Inaugurato l'anno giudiziario. In corso sei inchieste riconducibili a Mafia Capitale

Un miliardo e 300 milioni di euro. E' il costo della corruzione a Roma e nel Lazio. I dati li ha resi noti la Corte dei Conti e sono stati diffusi oggi in occasione dell’apertura dell’anno giudiziario. I numeri sono allarmanti e testimoniano quanto la criminalità sia parte del sistema amministrativo e politico. Esempio eclatante sono le sei inchieste riconducibili alla questione di Mafia Capitale: i danni non sono circoscritti solo a quelli ovvi legati al vulnus erariale, ma anche al danno, assai più amaro, di immagine per la città.
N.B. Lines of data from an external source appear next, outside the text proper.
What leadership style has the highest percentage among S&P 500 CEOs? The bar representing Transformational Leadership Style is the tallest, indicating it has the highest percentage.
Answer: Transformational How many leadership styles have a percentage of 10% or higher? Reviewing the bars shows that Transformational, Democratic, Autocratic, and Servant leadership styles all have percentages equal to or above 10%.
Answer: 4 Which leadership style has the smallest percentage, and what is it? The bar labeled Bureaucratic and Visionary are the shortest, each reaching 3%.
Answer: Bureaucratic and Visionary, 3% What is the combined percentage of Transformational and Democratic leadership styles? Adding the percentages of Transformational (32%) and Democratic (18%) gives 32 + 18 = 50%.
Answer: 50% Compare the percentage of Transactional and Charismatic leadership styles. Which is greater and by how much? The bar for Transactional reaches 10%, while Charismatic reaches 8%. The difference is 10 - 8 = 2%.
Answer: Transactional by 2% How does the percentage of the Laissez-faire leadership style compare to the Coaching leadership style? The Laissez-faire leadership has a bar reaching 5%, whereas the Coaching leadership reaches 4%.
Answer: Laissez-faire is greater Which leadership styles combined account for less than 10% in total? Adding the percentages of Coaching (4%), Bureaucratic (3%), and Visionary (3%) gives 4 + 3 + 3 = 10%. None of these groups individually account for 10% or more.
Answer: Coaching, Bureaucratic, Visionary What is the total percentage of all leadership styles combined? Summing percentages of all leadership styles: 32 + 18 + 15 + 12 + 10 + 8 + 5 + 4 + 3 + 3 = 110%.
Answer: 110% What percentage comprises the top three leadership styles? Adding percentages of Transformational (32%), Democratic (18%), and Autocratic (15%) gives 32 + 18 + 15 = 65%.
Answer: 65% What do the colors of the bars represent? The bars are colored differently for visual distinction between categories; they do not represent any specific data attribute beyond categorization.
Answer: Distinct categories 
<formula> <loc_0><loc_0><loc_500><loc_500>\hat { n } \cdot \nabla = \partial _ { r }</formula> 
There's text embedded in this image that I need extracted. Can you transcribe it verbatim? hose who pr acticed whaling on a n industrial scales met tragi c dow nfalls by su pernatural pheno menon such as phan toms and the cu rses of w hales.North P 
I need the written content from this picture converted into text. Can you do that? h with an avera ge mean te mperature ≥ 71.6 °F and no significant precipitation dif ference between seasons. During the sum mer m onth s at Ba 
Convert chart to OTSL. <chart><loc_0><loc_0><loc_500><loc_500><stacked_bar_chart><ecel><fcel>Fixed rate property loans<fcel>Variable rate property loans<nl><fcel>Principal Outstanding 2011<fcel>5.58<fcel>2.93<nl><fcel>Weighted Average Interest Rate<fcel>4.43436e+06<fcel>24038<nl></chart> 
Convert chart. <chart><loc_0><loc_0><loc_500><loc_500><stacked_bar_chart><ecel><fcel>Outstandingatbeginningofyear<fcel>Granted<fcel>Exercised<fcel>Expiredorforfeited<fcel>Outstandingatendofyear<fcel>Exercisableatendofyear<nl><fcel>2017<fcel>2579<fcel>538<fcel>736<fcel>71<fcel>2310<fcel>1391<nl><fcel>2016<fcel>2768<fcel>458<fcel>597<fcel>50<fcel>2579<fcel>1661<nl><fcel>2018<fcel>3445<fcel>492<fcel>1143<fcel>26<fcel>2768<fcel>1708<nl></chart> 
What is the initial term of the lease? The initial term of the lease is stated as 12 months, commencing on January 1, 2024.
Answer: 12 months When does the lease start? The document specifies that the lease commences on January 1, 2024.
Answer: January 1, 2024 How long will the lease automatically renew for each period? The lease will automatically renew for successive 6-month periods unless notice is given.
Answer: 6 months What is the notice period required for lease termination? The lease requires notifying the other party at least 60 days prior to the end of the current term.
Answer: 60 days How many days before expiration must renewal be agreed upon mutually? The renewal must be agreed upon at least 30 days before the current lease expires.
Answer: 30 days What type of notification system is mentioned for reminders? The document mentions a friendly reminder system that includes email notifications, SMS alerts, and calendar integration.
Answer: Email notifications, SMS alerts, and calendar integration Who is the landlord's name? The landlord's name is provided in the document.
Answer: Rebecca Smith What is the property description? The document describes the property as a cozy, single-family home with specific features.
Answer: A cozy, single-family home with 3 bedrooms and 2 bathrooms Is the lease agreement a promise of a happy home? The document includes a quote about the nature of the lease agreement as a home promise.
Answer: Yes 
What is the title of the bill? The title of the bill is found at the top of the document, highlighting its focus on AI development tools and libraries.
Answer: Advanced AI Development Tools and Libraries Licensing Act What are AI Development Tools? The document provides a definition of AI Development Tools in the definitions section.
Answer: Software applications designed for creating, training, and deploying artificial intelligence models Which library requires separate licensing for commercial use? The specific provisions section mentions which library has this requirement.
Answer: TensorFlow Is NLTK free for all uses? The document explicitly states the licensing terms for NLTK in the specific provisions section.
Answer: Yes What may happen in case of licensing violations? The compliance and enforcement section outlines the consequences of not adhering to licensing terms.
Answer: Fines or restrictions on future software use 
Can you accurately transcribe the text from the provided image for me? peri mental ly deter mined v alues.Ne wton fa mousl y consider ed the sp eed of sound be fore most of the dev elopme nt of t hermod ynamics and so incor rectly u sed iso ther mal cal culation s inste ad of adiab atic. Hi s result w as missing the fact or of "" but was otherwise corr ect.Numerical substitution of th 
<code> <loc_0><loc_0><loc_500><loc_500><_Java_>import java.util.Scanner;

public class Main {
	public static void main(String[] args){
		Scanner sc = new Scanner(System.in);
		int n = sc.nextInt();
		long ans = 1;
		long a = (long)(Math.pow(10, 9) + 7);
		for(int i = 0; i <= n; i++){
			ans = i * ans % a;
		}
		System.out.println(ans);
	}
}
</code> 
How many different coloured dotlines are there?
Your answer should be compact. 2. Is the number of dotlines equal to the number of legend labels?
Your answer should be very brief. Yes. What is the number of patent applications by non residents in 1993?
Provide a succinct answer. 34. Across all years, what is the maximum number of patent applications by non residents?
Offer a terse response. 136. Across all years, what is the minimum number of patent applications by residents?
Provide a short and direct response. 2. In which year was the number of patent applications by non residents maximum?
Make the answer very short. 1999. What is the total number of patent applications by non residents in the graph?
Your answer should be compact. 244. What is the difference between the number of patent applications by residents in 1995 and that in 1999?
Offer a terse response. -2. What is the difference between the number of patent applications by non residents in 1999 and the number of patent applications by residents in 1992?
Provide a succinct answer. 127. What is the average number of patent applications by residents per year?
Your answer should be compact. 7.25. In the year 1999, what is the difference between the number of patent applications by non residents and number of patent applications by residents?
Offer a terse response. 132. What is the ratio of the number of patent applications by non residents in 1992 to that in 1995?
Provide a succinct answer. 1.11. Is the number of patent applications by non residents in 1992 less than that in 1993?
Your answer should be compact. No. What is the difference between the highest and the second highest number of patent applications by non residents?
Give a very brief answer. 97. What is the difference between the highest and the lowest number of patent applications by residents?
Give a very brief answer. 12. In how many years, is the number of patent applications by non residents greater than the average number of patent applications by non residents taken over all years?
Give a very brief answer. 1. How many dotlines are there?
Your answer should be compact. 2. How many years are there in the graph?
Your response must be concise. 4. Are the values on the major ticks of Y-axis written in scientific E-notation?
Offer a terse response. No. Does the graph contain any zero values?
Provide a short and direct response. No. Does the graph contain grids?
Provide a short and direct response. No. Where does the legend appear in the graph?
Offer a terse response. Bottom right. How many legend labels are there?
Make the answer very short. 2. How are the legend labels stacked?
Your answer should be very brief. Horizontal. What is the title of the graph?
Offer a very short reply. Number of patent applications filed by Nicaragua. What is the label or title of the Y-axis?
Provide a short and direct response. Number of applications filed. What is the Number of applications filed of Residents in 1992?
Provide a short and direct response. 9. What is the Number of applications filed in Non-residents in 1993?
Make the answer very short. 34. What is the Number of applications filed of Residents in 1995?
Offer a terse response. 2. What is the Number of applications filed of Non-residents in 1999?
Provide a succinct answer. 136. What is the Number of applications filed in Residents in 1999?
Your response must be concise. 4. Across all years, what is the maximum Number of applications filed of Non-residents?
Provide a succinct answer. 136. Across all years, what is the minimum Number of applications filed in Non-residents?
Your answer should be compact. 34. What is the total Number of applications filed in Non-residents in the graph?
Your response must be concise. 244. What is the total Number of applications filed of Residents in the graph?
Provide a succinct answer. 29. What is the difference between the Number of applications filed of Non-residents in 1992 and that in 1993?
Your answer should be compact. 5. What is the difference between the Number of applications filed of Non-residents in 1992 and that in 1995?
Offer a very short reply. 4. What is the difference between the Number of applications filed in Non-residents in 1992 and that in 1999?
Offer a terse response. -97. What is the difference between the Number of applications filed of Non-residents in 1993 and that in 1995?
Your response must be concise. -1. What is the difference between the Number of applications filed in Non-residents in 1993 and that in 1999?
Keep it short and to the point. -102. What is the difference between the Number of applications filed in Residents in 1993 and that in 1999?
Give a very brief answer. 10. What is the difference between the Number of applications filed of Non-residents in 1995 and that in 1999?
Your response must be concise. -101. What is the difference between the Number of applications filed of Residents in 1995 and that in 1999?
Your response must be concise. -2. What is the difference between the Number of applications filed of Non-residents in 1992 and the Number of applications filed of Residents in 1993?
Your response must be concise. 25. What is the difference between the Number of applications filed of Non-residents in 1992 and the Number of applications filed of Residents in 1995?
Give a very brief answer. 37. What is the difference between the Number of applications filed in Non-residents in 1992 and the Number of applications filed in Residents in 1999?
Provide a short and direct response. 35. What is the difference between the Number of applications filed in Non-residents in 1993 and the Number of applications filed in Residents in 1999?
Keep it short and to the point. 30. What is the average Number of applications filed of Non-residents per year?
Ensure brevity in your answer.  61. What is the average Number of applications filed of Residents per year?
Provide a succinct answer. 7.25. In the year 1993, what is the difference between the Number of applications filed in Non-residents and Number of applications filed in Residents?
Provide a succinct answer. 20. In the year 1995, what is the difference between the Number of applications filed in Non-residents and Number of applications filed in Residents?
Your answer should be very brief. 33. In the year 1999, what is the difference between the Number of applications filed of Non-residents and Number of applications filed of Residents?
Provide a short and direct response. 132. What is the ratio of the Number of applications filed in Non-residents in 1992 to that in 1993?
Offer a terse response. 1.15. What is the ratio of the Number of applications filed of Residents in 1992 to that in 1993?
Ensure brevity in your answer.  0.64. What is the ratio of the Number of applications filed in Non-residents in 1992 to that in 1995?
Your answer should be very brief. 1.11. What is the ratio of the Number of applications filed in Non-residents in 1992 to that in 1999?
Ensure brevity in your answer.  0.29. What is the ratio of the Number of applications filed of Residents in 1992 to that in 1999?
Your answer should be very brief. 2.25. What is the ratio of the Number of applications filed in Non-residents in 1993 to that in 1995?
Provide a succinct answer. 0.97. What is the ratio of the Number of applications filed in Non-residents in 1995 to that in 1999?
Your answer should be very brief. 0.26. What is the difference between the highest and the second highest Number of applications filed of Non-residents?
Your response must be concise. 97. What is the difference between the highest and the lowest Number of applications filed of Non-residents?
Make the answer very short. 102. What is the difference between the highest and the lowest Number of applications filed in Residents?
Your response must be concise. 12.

Ma Roma è anche la Capitale delle opere pubbliche mai terminate. Sono decine e decine i fascicoli aperti per presunto danno alle casse dello Stato, dove hanno trovato spazio illecità di ogni tipo. Anche qui non è stato difficile, per il procuratore del Lazio de Dominicis, trovare esempi noti a tutti: il progetto della nuvola di Massimiliano Fuksas e la linea C della metropolitana. Di danno in danno, la Corte dei Conti ha anche calcolato il presunto danno derivante dall’illegittima gestione delle assunzioni in Atac: in questo caso la cifra si aggira attorno ai 15 milioni di euro. 8 milioni, invece, per le assunzioni in Ama. Soldi che, in parte, tornano indietro all’erario. Il presidente regionale della Corte Ivan De Musso, ha reso noto che nel 2014 l’istituzione contabile ha emesso sentenze di condanna per oltre 80 milioni di euro.